* [EXERCISE REQUIREMENTS]: Return the following from the records below: each line, word for word, starting with the line that contains "for centre, radius, start, end" and going on through the line that contains "psp.add_arc(centre, radius, start, end, dxfattribs=at)", with nothing outside that range.

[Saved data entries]
━━━━━━━━━━━━━━━━━━━━━━━━━━━━━━
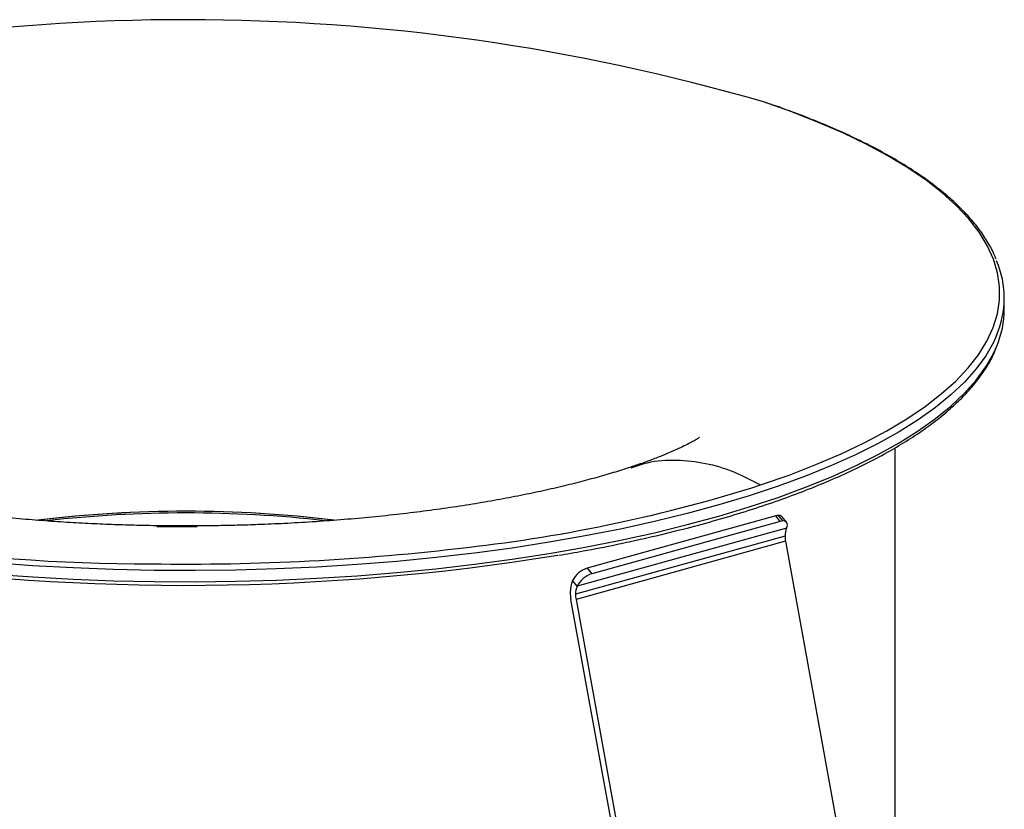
# Paper-space layout '_Dimétrica' of a CAD drawing. Header units: millimetres. Extents: x -31.9 to 30, y -17 to 41.
# Tile 5 of 5: x -6.1 to 30, y 12 to 41. Entities that reach past the tile are written whole.
import ezdxf

# ---------------------------------------------------------------- set-up
doc = ezdxf.new("R2010")
doc.units = ezdxf.units.MM

psp = doc.layouts.new('_Dimétrica')

# ---------------------------------------------------------------- linework, layer by layer
at = {"color": 7, "linetype": 'Continuous', "lineweight": 25}
for p, q in [((30, 30.358), (30, 30.768)), ((26, -0.283), (26, 25.278)), ((21.618, 22.778), (14.705, 20.857)), ((21.786, 22.574), (21.618, 22.778)), ((21.884, 22.589), (21.716, 22.794)), ((-1.071, 22.382), (0.41, 22.385)), ((21.786, 22.574), (14.873, 20.653)), ((22.017, 22.541), (21.849, 22.745)), ((21.959, 22.033), (14.278, 19.899)), ((22.015, 22.33), (14.334, 20.196)), ((21.977, 21.843), (14.295, 19.709)), ((21.977, 21.843), (23.958, 10.907)), ((14.705, 20.857), (14.873, 20.653)), ((14.334, 20.196), (14.166, 20.4)), ((16.077, 8.851), (14.111, 19.705)), ((14.295, 19.709), (16.276, 8.773))]:
    psp.add_line(p, q, dxfattribs=at)
at = {"color": 7, "linetype": 'Continuous', "lineweight": 25, "flags": 128}
for points in [[(21.065, 23.91), (22.108, 24.275), (23.094, 24.657), (24.021, 25.055), (24.887, 25.468), (25.688, 25.895), (26.424, 26.335), (27.092, 26.787), (27.69, 27.25), (28.217, 27.722), (28.672, 28.203), (29.053, 28.69), (29.359, 29.184), (29.591, 29.682), (29.746, 30.183), (29.825, 30.686), (29.827, 31.19), (29.753, 31.693), (29.602, 32.195), (29.376, 32.693), (29.073, 33.187), (28.697, 33.675), (28.247, 34.156), (27.724, 34.628), (27.13, 35.092), (26.466, 35.544), (25.734, 35.985), (24.937, 36.413), (24.075, 36.827), (23.152, 37.226), (22.169, 37.609), (21.129, 37.975)], [(29.713, 29.389), (29.599, 29.139), (29.319, 28.649), (28.966, 28.165), (28.541, 27.687), (28.044, 27.216), (27.479, 26.755), (26.844, 26.303), (26.143, 25.863), (25.377, 25.435), (24.548, 25.02), (23.658, 24.619), (22.709, 24.233), (21.704, 23.864), (20.645, 23.512), (19.534, 23.178), (18.375, 22.863), (17.17, 22.568), (15.922, 22.292), (14.635, 22.038), (13.311, 21.806), (11.955, 21.596), (10.568, 21.409), (9.156, 21.245), (7.72, 21.105), (6.266, 20.988), (4.796, 20.896), (3.313, 20.829), (1.823, 20.786), (0.328, 20.768), (-1.167, 20.775), (-2.66, 20.807), (-4.146, 20.864), (-5.622, 20.945), (-7.084, 21.051)], [(-7.084, 20.641), (-5.622, 20.536), (-4.146, 20.454), (-2.66, 20.398), (-1.167, 20.366), (0.328, 20.359), (1.823, 20.377), (3.313, 20.42), (4.796, 20.487), (6.266, 20.579), (7.72, 20.695), (9.156, 20.836), (10.568, 21), (11.955, 21.187), (13.311, 21.397), (14.635, 21.629), (15.922, 21.883), (17.17, 22.158), (18.375, 22.454), (19.534, 22.769), (20.645, 23.103), (21.704, 23.455), (22.709, 23.824), (23.658, 24.209), (24.548, 24.61), (25.377, 25.025), (26.143, 25.454), (26.844, 25.894), (27.479, 26.346), (28.044, 26.807), (28.541, 27.277), (28.966, 27.756), (29.319, 28.24), (29.599, 28.73), (29.721, 28.998)], [(22.015, 22.33), (22.035, 22.385), (22.045, 22.436), (22.043, 22.481), (22.031, 22.52), (22.008, 22.551), (21.975, 22.573), (21.934, 22.586), (21.884, 22.589)]]:
    psp.add_lwpolyline(points, dxfattribs=at)
at = {"color": 7, "linetype": 'Continuous', "lineweight": 25}
for centre, radius, start, end in [((-0.005, -34.798), 75.779, 73.80621, 106.13552), ((26.495, 30.768), 3.501, 336.8124, 22.9202), ((26.447, 30.378), 3.553, 337.1488, 359.6832), ((-1.293, 89.975), 68.958, 253.28281, 270.00934), ((3.961, 77.85), 56.587, 276.4423, 287.5935), ((0, -22.396), 45.34, 83.1384, 96.8882), ((0, -22.41), 45.354, 83.1283, 96.8536), ((0, -22.928), 45.811, 83.6073, 96.4244), ((21.732, 22.386), 0.408, 92.2107, 106.1514), ((21.735, 22.638), 0.157, 43.0724, 96.9645), ((21.9, 22.182), 0.408, 92.2107, 106.1514), ((22.7, 22.047), 0.741, 157.5531, 181.0925), ((23.025, 22.036), 1.066, 180.148, 190.3868), ((-0.027, 104.826), 84.599, 261.70052, 279.28975), ((0.071, 106.672), 85.665, 269.09517, 276.86488), ((14.983, 19.983), 0.918, 107.654, 152.954), ((15.151, 19.778), 0.918, 107.654, 152.954), ((15.144, 19.996), 1.059, 157.5531, 181.0925), ((15.608, 19.979), 1.523, 180.148, 190.3868), ((15.019, 19.913), 0.741, 157.5531, 181.0925), ((15.344, 19.901), 1.066, 180.148, 190.3868)]:
    psp.add_arc(centre, radius, start, end, dxfattribs=at)
for points, knots in [([(24.674, 36.555), (24.531, 36.626), (24.123, 36.827), (23.391, 37.144), (22.485, 37.507), (21.734, 37.779), (21.285, 37.931), (21.167, 37.971)], [0, 0, 0, 0, 0.138712, 0.39549, 0.652139, 0.90867, 1, 1, 1, 1]), ([(29.699, 32.198), (29.674, 32.263), (29.588, 32.488), (29.372, 32.867), (29.054, 33.335), (28.667, 33.796), (28.217, 34.251), (27.704, 34.697), (27.129, 35.134), (26.496, 35.56), (25.801, 35.975), (25.194, 36.307), (24.799, 36.496), (24.674, 36.555)], [0, 0, 0, 0, 0.041083, 0.141014, 0.241569, 0.342656, 0.444128, 0.545837, 0.647665, 0.749533, 0.85138, 0.953185, 1, 1, 1, 1]), ([(16.144, 21.807), (16.413, 21.865), (17.077, 22.007), (18.094, 22.255), (19.197, 22.548), (20.256, 22.859), (21.272, 23.185), (22.241, 23.528), (23.161, 23.886), (24.031, 24.259), (24.849, 24.645), (25.612, 25.044), (26.319, 25.456), (26.969, 25.88), (27.559, 26.314), (28.09, 26.759), (28.558, 27.213), (28.963, 27.675), (29.301, 28.146), (29.55, 28.564), (29.658, 28.829), (29.7, 28.932)], [0, 0, 0, 0, 0.037127, 0.091602, 0.146089, 0.20059, 0.255107, 0.309643, 0.364199, 0.41878, 0.473386, 0.528022, 0.582688, 0.637385, 0.692108, 0.74685, 0.801584, 0.856269, 0.910847, 0.965237, 1, 1, 1, 1]), ([(16.302, 24.567), (16.19, 24.529), (15.892, 24.43), (15.352, 24.267), (14.686, 24.081), (13.965, 23.897), (13.195, 23.717), (12.377, 23.543), (11.515, 23.377), (10.614, 23.221), (9.677, 23.075), (8.707, 22.942), (7.712, 22.822), (6.695, 22.716), (5.664, 22.626), (4.632, 22.551), (3.626, 22.494), (2.708, 22.454), (1.903, 22.429), (1.021, 22.411), (-0.01, 22.402), (-0.976, 22.41), (-1.817, 22.427), (-2.534, 22.448), (-3.385, 22.483), (-4.271, 22.53), (-5.188, 22.59), (-6.122, 22.665), (-7.061, 22.753), (-7.997, 22.855), (-8.921, 22.97), (-9.829, 23.098), (-10.713, 23.237), (-11.569, 23.387), (-12.392, 23.547), (-13.179, 23.714), (-13.924, 23.887), (-14.624, 24.065), (-15.277, 24.246), (-15.879, 24.426), (-16.428, 24.605), (-16.922, 24.779), (-17.36, 24.945), (-17.739, 25.102), (-18.061, 25.244), (-18.325, 25.371), (-18.532, 25.478), (-18.683, 25.563), (-18.778, 25.62), (-18.822, 25.65), (-18.818, 25.647), (-18.816, 25.646)], [0, 0, 0, 0, 0.0128847, 0.034227, 0.0559699, 0.0780767, 0.1005103, 0.1232332, 0.146208, 0.1693973, 0.1927622, 0.2162611, 0.2398457, 0.2634539, 0.2869938, 0.3103037, 0.3330279, 0.3540991, 0.3709922, 0.3860497, 0.4119384, 0.4384977, 0.4492725, 0.4671359, 0.4856475, 0.505454, 0.5260538, 0.5472334, 0.5688177, 0.5906763, 0.6127065, 0.6348248, 0.6569611, 0.6790543, 0.7010499, 0.7228977, 0.7445508, 0.7659651, 0.7870984, 0.8079107, 0.8283648, 0.8484265, 0.8680667, 0.8872618, 0.9059966, 0.9242654, 0.942075, 0.9594457, 0.9764139, 0.9930322, 1, 1, 1, 1]), ([(18.819, 25.648), (18.82, 25.649), (18.828, 25.654), (18.795, 25.632), (18.717, 25.583), (18.579, 25.504), (18.385, 25.401), (18.133, 25.278), (17.82, 25.136), (17.448, 24.98), (17.011, 24.812), (16.628, 24.673), (16.374, 24.59), (16.302, 24.567)], [0, 0, 0, 0, 0.012158, 0.10659, 0.203021, 0.301839, 0.40333, 0.507684, 0.614995, 0.725277, 0.838473, 0.954472, 1, 1, 1, 1]), ([(16.312, 24.537), (16.51, 24.607), (17.042, 24.796), (17.965, 24.855), (19.03, 24.738), (20.069, 24.431), (20.738, 24.081), (21.065, 23.91)], [0, 0, 0, 0, 0.1365806, 0.3661816, 0.5866002, 0.797827, 1, 1, 1, 1]), ([(13.663, 21.33), (13.962, 21.382), (14.677, 21.506), (15.503, 21.666), (16.019, 21.78), (16.144, 21.807)], [0, 0, 0, 0, 0.352384, 0.843606, 1, 1, 1, 1])]:
    psp.add_open_spline(points, degree=3, knots=knots, dxfattribs=at)

doc.saveas('drawing.dxf')
━━━━━━━━━━━━━━━━━━━━━━━━━━━━━━
* [RESULT OF THIS EXERCISE]:
for centre, radius, start, end in [((-0.005, -34.798), 75.779, 73.80621, 106.13552), ((26.495, 30.768), 3.501, 336.8124, 22.9202), ((26.447, 30.378), 3.553, 337.1488, 359.6832), ((-1.293, 89.975), 68.958, 253.28281, 270.00934), ((3.961, 77.85), 56.587, 276.4423, 287.5935), ((0, -22.396), 45.34, 83.1384, 96.8882), ((0, -22.41), 45.354, 83.1283, 96.8536), ((0, -22.928), 45.811, 83.6073, 96.4244), ((21.732, 22.386), 0.408, 92.2107, 106.1514), ((21.735, 22.638), 0.157, 43.0724, 96.9645), ((21.9, 22.182), 0.408, 92.2107, 106.1514), ((22.7, 22.047), 0.741, 157.5531, 181.0925), ((23.025, 22.036), 1.066, 180.148, 190.3868), ((-0.027, 104.826), 84.599, 261.70052, 279.28975), ((0.071, 106.672), 85.665, 269.09517, 276.86488), ((14.983, 19.983), 0.918, 107.654, 152.954), ((15.151, 19.778), 0.918, 107.654, 152.954), ((15.144, 19.996), 1.059, 157.5531, 181.0925), ((15.608, 19.979), 1.523, 180.148, 190.3868), ((15.019, 19.913), 0.741, 157.5531, 181.0925), ((15.344, 19.901), 1.066, 180.148, 190.3868)]:
    psp.add_arc(centre, radius, start, end, dxfattribs=at)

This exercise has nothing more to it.